▶ _Supplied records_
* * * * * * *

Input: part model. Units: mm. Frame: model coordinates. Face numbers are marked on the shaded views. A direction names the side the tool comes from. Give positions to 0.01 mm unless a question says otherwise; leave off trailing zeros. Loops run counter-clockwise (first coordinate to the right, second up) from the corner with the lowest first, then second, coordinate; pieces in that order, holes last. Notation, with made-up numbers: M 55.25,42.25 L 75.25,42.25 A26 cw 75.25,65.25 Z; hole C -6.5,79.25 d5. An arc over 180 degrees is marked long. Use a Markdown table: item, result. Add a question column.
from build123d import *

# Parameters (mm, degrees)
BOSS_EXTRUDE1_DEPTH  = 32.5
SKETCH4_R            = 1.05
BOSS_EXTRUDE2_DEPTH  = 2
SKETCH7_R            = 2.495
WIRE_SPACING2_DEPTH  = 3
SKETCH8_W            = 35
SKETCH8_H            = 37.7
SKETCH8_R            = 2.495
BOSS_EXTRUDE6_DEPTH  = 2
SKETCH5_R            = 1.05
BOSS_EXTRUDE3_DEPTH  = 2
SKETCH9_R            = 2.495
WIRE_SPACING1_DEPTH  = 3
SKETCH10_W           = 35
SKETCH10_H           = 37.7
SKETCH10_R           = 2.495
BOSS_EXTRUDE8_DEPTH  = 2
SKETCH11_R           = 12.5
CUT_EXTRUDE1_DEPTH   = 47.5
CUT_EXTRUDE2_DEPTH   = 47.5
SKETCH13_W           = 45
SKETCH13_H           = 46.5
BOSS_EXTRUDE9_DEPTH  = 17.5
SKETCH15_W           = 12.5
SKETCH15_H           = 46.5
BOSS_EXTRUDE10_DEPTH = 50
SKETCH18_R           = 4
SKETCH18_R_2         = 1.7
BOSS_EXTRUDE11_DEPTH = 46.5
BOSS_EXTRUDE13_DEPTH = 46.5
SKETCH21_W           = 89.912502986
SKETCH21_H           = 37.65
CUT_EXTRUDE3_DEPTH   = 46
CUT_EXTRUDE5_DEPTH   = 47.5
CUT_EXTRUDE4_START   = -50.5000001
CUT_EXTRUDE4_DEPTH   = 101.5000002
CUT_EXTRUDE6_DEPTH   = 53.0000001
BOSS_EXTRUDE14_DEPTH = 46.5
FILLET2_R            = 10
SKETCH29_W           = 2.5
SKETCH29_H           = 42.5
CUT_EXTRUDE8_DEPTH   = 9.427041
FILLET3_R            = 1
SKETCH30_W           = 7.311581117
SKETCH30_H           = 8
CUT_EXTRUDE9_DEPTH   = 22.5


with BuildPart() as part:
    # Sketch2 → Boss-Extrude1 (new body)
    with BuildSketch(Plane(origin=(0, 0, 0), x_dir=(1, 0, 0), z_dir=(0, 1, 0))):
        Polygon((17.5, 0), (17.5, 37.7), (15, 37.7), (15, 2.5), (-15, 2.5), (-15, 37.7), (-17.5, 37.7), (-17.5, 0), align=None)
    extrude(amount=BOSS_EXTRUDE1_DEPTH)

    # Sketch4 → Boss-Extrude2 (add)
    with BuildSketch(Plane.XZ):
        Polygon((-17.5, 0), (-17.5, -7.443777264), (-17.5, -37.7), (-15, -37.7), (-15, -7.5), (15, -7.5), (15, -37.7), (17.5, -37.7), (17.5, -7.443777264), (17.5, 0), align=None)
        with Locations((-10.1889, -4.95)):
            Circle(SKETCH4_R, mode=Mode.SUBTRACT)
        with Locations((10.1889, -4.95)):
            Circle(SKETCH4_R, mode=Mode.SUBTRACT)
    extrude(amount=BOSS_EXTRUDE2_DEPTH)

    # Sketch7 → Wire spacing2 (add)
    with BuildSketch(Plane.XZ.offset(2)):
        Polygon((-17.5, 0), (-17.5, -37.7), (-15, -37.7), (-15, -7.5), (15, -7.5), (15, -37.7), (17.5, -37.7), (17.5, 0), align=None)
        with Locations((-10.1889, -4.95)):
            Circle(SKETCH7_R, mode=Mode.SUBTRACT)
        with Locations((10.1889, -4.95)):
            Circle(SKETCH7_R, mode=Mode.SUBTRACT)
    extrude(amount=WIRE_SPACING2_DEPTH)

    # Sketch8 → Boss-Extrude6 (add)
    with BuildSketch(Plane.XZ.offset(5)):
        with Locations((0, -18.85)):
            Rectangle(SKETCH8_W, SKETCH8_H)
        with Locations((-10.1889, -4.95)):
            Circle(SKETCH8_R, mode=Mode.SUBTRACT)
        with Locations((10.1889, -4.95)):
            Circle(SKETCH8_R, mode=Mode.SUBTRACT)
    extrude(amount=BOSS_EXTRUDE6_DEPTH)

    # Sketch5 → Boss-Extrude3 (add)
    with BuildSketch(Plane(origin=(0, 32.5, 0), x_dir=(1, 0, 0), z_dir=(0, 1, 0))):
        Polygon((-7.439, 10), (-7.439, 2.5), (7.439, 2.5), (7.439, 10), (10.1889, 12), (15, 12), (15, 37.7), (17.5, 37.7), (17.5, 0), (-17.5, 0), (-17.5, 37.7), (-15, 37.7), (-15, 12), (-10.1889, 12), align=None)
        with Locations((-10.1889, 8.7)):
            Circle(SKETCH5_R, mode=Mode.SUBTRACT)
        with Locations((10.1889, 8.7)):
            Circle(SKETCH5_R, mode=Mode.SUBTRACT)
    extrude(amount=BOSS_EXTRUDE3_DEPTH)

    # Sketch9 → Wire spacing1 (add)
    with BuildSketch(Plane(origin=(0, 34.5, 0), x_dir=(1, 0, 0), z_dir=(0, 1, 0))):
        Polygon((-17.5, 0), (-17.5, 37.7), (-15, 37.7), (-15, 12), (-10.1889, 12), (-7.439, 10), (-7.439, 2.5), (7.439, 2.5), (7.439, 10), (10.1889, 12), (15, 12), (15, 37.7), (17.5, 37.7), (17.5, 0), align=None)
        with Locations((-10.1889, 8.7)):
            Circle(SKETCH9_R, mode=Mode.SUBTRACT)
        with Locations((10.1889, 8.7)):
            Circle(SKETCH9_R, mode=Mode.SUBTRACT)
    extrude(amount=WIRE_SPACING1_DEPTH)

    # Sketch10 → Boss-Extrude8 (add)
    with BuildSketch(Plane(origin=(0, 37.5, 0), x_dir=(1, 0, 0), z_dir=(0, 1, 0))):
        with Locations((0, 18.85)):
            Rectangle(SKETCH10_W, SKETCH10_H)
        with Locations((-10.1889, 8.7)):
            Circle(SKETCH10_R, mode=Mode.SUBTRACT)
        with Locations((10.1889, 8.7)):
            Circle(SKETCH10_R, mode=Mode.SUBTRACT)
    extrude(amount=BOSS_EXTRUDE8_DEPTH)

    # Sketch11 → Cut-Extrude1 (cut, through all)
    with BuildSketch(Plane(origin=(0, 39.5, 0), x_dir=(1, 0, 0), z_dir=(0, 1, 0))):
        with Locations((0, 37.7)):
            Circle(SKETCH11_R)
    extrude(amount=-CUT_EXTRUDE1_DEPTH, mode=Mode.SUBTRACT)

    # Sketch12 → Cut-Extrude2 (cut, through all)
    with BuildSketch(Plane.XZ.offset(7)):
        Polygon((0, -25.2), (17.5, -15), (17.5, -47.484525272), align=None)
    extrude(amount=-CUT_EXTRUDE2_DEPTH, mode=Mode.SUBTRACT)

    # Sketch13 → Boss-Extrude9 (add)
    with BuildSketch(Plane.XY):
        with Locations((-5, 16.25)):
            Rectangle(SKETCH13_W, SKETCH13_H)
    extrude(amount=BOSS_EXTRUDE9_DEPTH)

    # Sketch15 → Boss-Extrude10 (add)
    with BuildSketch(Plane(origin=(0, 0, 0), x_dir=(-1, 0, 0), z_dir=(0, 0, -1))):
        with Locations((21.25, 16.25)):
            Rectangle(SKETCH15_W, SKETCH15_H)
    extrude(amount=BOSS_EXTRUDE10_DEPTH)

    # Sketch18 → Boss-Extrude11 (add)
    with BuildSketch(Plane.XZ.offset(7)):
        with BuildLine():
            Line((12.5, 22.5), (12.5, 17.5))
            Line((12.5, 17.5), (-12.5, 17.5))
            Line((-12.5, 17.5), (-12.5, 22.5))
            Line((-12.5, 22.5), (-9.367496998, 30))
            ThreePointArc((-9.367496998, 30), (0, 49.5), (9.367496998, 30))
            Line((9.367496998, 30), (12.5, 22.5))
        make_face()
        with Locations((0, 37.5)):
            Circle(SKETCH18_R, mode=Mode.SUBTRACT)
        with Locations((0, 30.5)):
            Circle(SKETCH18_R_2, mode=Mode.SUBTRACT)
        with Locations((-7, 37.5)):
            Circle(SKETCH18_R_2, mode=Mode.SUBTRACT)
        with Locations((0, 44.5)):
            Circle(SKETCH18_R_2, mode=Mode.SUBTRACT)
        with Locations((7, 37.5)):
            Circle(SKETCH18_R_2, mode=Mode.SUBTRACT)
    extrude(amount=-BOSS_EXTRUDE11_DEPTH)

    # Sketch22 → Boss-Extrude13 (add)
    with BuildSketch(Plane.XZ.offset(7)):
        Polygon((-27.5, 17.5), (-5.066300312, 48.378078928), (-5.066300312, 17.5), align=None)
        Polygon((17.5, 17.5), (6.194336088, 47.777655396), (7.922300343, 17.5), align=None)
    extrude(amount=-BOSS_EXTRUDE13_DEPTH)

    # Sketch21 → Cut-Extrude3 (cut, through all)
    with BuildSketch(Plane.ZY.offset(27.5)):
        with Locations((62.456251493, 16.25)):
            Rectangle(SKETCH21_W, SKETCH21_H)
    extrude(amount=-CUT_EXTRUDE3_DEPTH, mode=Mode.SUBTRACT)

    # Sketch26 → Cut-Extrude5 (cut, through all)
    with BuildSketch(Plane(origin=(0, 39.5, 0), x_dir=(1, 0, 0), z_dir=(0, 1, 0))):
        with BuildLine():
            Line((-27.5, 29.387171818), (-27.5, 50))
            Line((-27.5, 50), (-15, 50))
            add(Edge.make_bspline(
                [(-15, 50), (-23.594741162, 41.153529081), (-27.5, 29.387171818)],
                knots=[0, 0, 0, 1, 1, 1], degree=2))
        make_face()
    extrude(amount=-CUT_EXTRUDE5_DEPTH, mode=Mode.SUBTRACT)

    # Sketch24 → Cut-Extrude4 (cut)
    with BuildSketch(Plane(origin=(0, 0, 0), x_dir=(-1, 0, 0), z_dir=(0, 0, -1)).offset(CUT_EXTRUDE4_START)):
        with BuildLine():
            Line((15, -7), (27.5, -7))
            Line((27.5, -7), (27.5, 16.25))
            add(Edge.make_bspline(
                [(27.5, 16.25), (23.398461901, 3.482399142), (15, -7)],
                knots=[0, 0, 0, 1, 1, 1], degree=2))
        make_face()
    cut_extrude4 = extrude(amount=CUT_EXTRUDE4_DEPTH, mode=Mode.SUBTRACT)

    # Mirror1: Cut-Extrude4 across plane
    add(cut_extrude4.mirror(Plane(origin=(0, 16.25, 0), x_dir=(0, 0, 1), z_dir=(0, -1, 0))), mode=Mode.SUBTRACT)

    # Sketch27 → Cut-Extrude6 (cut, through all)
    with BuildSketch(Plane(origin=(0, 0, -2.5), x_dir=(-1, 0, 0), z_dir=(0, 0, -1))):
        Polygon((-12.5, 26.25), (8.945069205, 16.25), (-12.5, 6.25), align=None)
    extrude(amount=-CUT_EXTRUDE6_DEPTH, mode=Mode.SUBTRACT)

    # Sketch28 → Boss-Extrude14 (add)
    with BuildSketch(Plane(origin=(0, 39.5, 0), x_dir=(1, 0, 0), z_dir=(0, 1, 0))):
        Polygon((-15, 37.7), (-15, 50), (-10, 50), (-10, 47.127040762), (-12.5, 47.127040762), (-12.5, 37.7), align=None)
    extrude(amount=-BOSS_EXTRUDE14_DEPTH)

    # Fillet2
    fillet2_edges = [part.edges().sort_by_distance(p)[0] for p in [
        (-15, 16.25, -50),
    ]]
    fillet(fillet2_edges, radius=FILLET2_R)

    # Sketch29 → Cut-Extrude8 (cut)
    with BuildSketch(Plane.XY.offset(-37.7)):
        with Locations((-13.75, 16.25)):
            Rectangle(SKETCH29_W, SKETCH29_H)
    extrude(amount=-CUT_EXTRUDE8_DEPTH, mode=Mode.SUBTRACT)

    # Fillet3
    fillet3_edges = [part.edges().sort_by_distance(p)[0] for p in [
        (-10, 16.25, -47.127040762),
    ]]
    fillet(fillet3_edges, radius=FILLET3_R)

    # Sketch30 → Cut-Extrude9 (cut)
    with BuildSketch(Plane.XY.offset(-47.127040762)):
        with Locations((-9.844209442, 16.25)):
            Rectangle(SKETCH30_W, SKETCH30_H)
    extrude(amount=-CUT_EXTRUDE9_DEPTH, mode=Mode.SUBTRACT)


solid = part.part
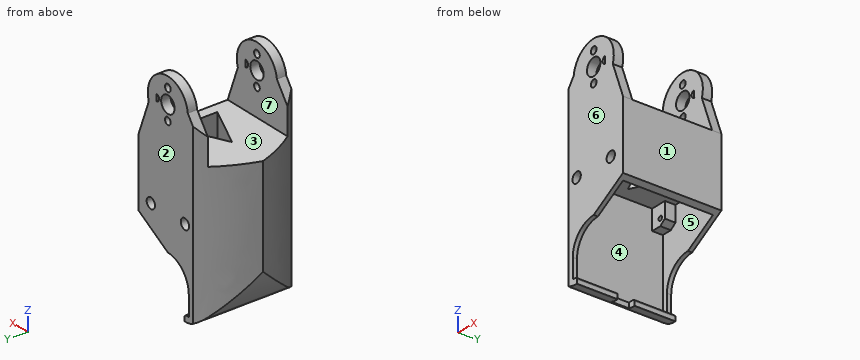
1) Section query B-B, the plane x = -6. Return the cut outline in (y, z) (3 decimals), and give its area (3 significant figures).
2) Contact query for flat-ended pins moving along their axis: P1, Ø8, axis at x = -1.5, y = 5.5, coming from the -Z side; P2, Ø6, axis at y = -1, z = -29.5, coming from the -X side; P3, Ø1.5, axis at x = -8.5, y = 24, coming from the +Z side. Output: stop coordinate, or through.
3) Reachability of the marked faces 5, 6 and 7 from +Z, -Z, +X, -X, +Y, -Y: full face, straight path, thin tool, end or side. Return the list, or none.
4) Pull-direction query (Y, two-part tool) for the marked faces 1, 2, 3 and 4; classes: pulls with the +Y half, pulls with the -Y half, needs draft (parallel to the pull), parting line crosses it, or undercut.
5) Ray query, line 1 (Z direction, x = 0, y = 36); line 2 (Y direction, x = -4, z = -3.5); line 3 (Y direction, x = 1, z = -16). Return the intervals inside material, ascending. Write a range as [from, to].
6) Section query A-A, the plane z = 44.5. Return the cut outline in (x, y) (3 decimals).
Entries:
| question | item | result |
|---|---|---|
| 1 | outline | M -7,-26.734 L -5,-26.734 L -5,-7.5 L 0,-7.5 L 0,-2.5 L 14.877,-2.5 L 14.877,17.5 L -2.575,17.5 L -2.575,47.892 L -7,47.892 Z; M 17.623,-2.5 L 37.5,-2.5 L 37.5,-26.734 L 39.5,-26.734 L 39.5,47.892 L 35.075,47.892 L 35.075,17.5 L 17.623,17.5 Z |
| 1 | area | 1,270 mm² |
| 2 | P1 | stops at z = -2.5 |
| 2 | P2 | stops at x = -21.18 |
| 2 | P3 | stops at z = 17.5 |
| 3 | face 5 | none |
| 3 | face 6 | +Z, -Z, +X, -X, -Y |
| 3 | face 7 | +Z, +X, -X |
| 4 | face 1 | needs draft |
| 4 | face 2 | pulls with the +Y half |
| 4 | face 3 | undercut |
| 4 | face 4 | undercut |
| 5 | line 1 | z = [-2.5, 28.8], [32.2, 33.5], [41.5, 42.8], [46.2, 49.5] |
| 5 | line 2 | y = [-7, 0], [37.5, 39.5] |
| 5 | line 3 | y = [-7, -5], [37.5, 39.5] |
| 6 | outline | M -9.747,-7 L -1.7,-7 L -1.7,-2.575 L -9.747,-2.575 Z; M -9.747,35.075 L -1.7,35.075 L -1.7,39.5 L -9.747,39.5 Z; M 1.7,-7 L 9.747,-7 L 9.747,-2.575 L 1.7,-2.575 Z; M 1.7,35.075 L 9.747,35.075 L 9.747,39.5 L 1.7,39.5 Z |

* * * * * * *

▶ _Goal of the exercise_
What belongs in the answer is each line above from the line with "Rectangle(SKETCH29_W, SKETCH29_H)" to the line with "3) Reachability of", inclusive, reproduced exactly and free of pictures.

▶ _Your solution_
            Rectangle(SKETCH29_W, SKETCH29_H)
    extrude(amount=-CUT_EXTRUDE8_DEPTH, mode=Mode.SUBTRACT)

    # Fillet3
    fillet3_edges = [part.edges().sort_by_distance(p)[0] for p in [
        (-10, 16.25, -47.127040762),
    ]]
    fillet(fillet3_edges, radius=FILLET3_R)

    # Sketch30 → Cut-Extrude9 (cut)
    with BuildSketch(Plane.XY.offset(-47.127040762)):
        with Locations((-9.844209442, 16.25)):
            Rectangle(SKETCH30_W, SKETCH30_H)
    extrude(amount=-CUT_EXTRUDE9_DEPTH, mode=Mode.SUBTRACT)


solid = part.part
1) Section query B-B, the plane x = -6. Return the cut outline in (y, z) (3 decimals), and give its area (3 significant figures).
2) Contact query for flat-ended pins moving along their axis: P1, Ø8, axis at x = -1.5, y = 5.5, coming from the -Z side; P2, Ø6, axis at y = -1, z = -29.5, coming from the -X side; P3, Ø1.5, axis at x = -8.5, y = 24, coming from the +Z side. Output: stop coordinate, or through.
3) Reachability of the marked faces 5, 6 and 7 from +Z, -Z, +X, -X, +Y, -Y: full face, straight path, thin tool, end or side. Return the list, or none.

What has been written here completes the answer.